I laughed with her on that lovely day. We reached the top of a gently domed hill and suddenly, as if by magic, the sparkling blue Sejerø Bay appeared and soon we were driving with the Kattegat on our right and holiday cottages on our left. She drove past a general store and turned, first along an asphalt road and then an unsurfaced track, down to an area covered with heather where she parked. I could glimpse the sea between the trees.

“My parents’ holiday cottage wasn’t very far from here. One of the many things that I regret about my time with Niels is that he got me
to sell it,” she said, and took a straw basket out of the boot. I could see two towels, a blanket, thermos and a couple of plastic cups.

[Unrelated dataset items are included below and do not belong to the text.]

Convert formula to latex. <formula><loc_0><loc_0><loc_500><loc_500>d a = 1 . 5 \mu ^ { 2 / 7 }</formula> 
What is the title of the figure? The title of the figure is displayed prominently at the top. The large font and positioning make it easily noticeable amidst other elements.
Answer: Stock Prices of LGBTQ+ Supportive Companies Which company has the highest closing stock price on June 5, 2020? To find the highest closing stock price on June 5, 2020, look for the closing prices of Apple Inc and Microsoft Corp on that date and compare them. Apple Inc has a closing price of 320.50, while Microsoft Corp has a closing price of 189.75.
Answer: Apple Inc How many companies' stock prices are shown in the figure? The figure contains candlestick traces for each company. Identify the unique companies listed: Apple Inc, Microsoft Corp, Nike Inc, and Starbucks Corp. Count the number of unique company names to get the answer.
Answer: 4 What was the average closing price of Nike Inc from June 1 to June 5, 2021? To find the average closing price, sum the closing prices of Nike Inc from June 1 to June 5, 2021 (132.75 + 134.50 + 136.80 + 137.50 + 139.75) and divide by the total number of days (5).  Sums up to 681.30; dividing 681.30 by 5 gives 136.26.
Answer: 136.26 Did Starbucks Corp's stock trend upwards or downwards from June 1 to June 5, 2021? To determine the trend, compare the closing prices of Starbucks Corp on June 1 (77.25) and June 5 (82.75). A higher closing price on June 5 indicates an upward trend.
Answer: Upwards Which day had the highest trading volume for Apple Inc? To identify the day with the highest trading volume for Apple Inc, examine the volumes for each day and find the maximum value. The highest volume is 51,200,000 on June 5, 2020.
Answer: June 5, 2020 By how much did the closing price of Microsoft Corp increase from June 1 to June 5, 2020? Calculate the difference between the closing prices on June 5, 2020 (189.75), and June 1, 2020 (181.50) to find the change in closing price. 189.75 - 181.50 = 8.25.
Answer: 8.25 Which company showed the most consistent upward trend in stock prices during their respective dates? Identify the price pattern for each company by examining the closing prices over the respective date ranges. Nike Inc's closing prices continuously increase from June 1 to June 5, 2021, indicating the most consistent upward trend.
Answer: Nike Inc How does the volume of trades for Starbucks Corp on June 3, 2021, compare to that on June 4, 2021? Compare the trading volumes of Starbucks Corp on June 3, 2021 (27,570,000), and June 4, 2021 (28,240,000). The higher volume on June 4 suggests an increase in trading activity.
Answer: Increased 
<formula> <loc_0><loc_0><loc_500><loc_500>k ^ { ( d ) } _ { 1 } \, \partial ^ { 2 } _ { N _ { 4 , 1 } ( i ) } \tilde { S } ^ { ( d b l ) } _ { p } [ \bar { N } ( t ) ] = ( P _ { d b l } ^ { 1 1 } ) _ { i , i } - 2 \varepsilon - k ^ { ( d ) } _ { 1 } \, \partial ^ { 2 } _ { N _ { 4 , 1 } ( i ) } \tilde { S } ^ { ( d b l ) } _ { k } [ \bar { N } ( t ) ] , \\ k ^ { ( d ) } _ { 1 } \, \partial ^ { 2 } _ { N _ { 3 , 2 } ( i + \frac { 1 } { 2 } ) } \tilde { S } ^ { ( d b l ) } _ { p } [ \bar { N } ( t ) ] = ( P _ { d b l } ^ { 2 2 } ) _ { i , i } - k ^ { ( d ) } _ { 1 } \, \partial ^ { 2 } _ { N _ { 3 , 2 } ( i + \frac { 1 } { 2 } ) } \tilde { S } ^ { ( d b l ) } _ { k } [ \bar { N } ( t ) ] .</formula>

“And there’s a pair of trunks for you.”

“You had this all planned,” I said.

“Not a plan. But a hope,” she said. “I’d have driven up here by myself anyway, even if you hadn’t come with me. I did tell you it’s the last day of summer. It has to be enjoyed. It’s a gift in a country with a climate like ours. Come on!”

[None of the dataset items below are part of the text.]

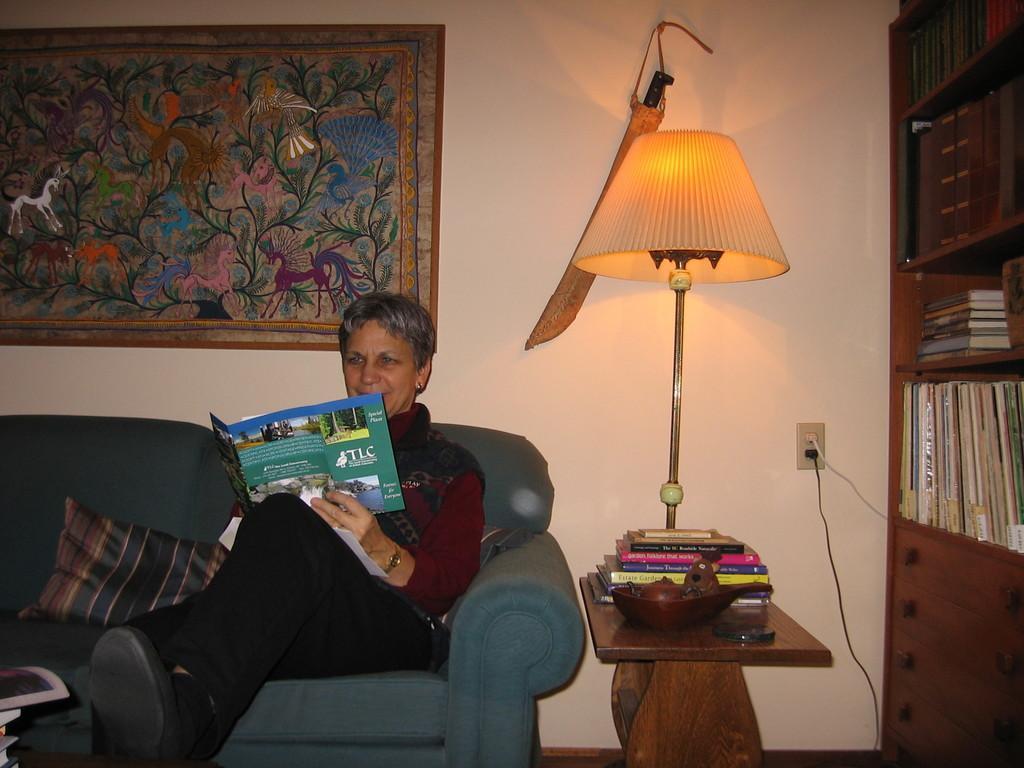Could you give a brief overview of what you see in this image? This picture is taken inside the room where a woman is sitting on the sofa which is in the center. At the right side there is a shelf and books are filled in the shelves. In the background a wall and a frame is attached on the wall. In the center there is a table, on the table there are books, lamp. Woman is holding a book in her hand. On the sofa there is a cushion. 
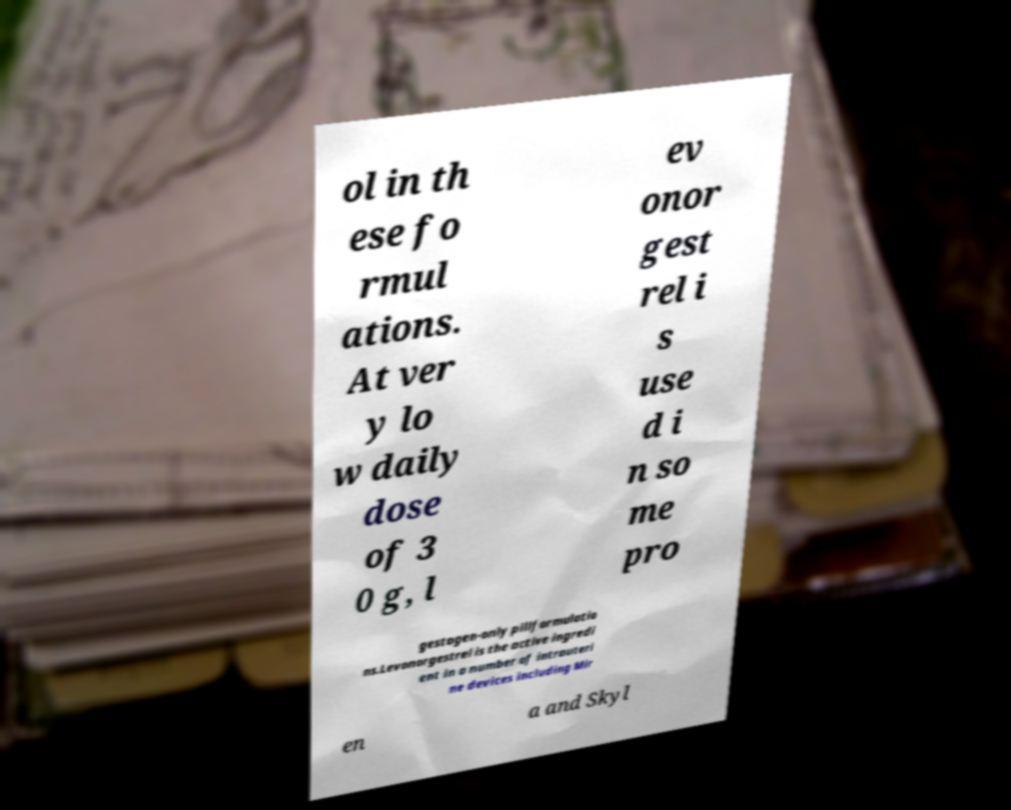Can you accurately transcribe the text from the provided image for me? ol in th ese fo rmul ations. At ver y lo w daily dose of 3 0 g, l ev onor gest rel i s use d i n so me pro gestogen-only pillformulatio ns.Levonorgestrel is the active ingredi ent in a number of intrauteri ne devices including Mir en a and Skyl 
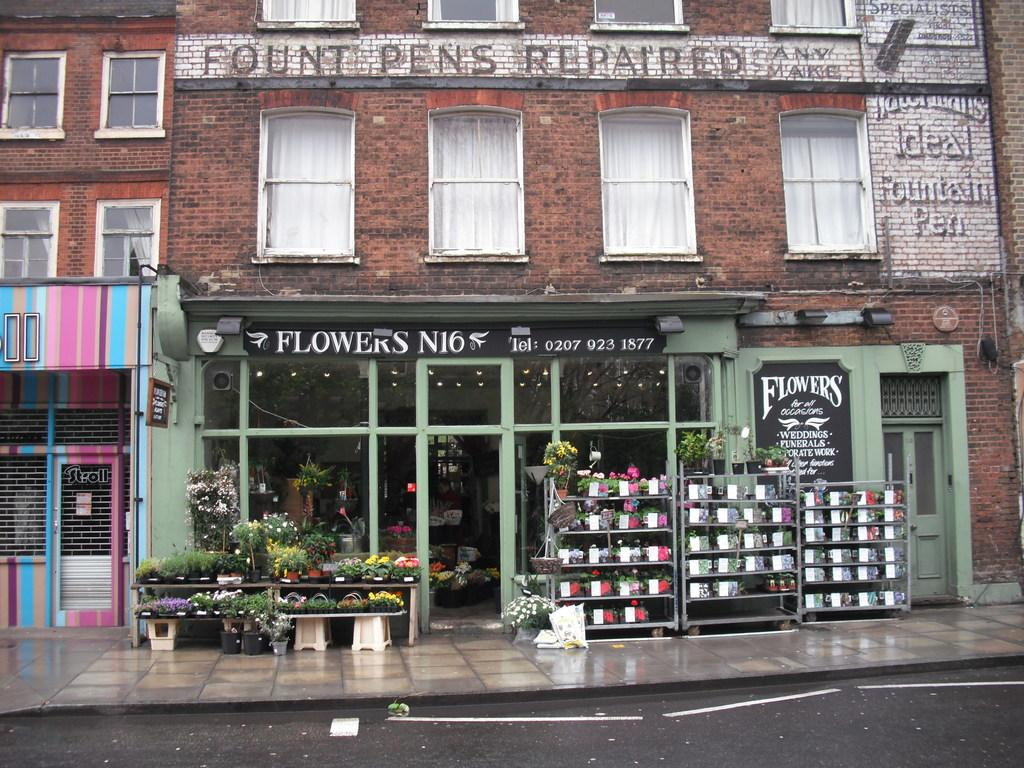<image>
Render a clear and concise summary of the photo. A shop called Flowers N16 in an old building where Fount Pens were repaired. 
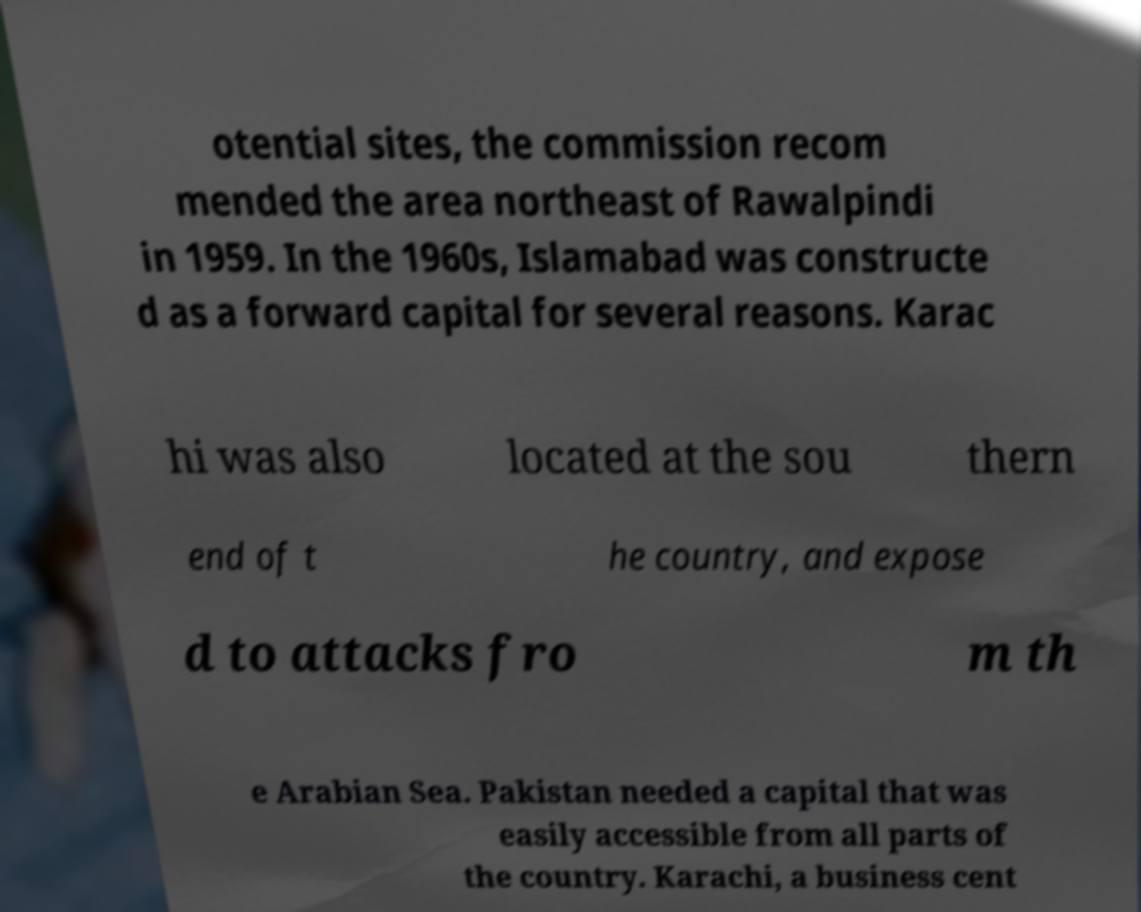For documentation purposes, I need the text within this image transcribed. Could you provide that? otential sites, the commission recom mended the area northeast of Rawalpindi in 1959. In the 1960s, Islamabad was constructe d as a forward capital for several reasons. Karac hi was also located at the sou thern end of t he country, and expose d to attacks fro m th e Arabian Sea. Pakistan needed a capital that was easily accessible from all parts of the country. Karachi, a business cent

I followed her obediently through the heather. She strode out briskly in her jeans and shirt, her bare feet in lightweight slip-ons, almost like ballet shoes. Secluded white holiday homes stood among the pine trees, but there wasn’t a soul on the beach. The water in the bay was calm and blue and she spread out the blanket in a sandy hollow in the grass behind a large rose bush. The day had started out a little chilly, but it had warmed up again. It was an unpredictable climate. She turned her back to me, stripped off her shirt and undid her bra and put on a bikini top, then pulled off her jeans and briefs and put on her bikini bottom. I couldn’t help but notice that she was tanned all over and had a trim body with the soft, gentle curves of a mature woman. We were adults, from a generation that considered nakedness quite natural, but I still looked away and she turned round and smiled ironically at me, pointing at the pair of blue swimming trunks.